Task brief
Repeat only the stretch of lines below that runs from the line with "- car from (199, 196) to (209, 203)" through the line with "- car from (198, 194) to (200, 201)", unaltered.

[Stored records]
● ● ●

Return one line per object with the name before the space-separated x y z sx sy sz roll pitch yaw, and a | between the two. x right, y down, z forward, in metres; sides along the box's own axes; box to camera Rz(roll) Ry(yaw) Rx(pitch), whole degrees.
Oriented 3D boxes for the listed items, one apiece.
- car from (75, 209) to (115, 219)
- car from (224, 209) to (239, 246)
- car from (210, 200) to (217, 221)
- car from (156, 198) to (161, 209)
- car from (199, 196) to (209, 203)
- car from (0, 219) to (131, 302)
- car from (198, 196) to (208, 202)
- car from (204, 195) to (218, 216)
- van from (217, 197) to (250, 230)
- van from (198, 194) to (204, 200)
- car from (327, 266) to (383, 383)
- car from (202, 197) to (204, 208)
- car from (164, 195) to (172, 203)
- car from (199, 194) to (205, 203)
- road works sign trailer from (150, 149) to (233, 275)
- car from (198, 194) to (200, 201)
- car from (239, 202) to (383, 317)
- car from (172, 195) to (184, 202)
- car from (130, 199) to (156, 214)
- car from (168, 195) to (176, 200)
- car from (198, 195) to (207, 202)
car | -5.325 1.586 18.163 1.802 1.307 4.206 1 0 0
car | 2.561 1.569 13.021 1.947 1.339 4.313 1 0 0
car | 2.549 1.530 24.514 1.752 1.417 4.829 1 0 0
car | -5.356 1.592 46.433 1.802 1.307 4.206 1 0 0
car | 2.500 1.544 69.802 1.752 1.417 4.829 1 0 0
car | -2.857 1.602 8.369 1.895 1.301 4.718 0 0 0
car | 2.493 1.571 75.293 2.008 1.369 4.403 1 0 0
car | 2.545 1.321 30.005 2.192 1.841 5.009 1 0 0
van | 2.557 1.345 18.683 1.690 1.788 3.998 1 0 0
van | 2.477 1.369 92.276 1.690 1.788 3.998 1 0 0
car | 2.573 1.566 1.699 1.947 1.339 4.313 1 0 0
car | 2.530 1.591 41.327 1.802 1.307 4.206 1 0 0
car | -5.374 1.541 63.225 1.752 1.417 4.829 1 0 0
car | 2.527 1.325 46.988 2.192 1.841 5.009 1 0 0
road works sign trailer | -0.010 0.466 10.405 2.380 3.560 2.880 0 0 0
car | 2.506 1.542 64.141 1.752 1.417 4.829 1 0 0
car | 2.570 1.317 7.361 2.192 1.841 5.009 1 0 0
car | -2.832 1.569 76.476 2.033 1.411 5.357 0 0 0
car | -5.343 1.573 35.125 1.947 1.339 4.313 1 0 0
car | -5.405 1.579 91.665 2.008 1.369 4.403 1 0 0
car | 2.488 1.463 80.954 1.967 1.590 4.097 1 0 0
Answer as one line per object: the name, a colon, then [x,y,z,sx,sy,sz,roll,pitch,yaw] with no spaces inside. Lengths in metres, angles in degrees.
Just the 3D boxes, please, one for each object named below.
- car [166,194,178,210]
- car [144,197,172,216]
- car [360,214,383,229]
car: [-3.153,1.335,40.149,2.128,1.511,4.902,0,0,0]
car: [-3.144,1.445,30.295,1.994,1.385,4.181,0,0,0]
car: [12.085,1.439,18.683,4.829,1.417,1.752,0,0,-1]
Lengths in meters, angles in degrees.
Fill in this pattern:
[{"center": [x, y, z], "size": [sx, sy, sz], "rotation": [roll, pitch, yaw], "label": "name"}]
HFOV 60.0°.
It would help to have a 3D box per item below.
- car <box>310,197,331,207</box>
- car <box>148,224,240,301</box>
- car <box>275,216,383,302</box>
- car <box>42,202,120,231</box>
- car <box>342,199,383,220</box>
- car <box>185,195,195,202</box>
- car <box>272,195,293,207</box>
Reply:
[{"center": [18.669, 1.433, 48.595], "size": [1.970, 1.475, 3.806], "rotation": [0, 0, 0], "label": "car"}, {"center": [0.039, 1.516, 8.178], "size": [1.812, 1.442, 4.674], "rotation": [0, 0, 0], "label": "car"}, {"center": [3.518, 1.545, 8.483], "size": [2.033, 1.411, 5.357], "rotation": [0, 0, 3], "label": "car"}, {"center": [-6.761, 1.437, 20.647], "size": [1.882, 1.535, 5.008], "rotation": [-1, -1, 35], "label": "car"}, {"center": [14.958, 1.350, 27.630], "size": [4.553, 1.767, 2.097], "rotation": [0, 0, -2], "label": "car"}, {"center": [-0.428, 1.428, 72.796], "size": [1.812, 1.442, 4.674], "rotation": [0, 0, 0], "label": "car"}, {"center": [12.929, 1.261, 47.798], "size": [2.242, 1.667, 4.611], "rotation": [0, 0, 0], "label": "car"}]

● ● ●

Completed task
- car from (199, 196) to (209, 203)
- car from (0, 219) to (131, 302)
- car from (198, 196) to (208, 202)
- car from (204, 195) to (218, 216)
- van from (217, 197) to (250, 230)
- van from (198, 194) to (204, 200)
- car from (327, 266) to (383, 383)
- car from (202, 197) to (204, 208)
- car from (164, 195) to (172, 203)
- car from (199, 194) to (205, 203)
- road works sign trailer from (150, 149) to (233, 275)
- car from (198, 194) to (200, 201)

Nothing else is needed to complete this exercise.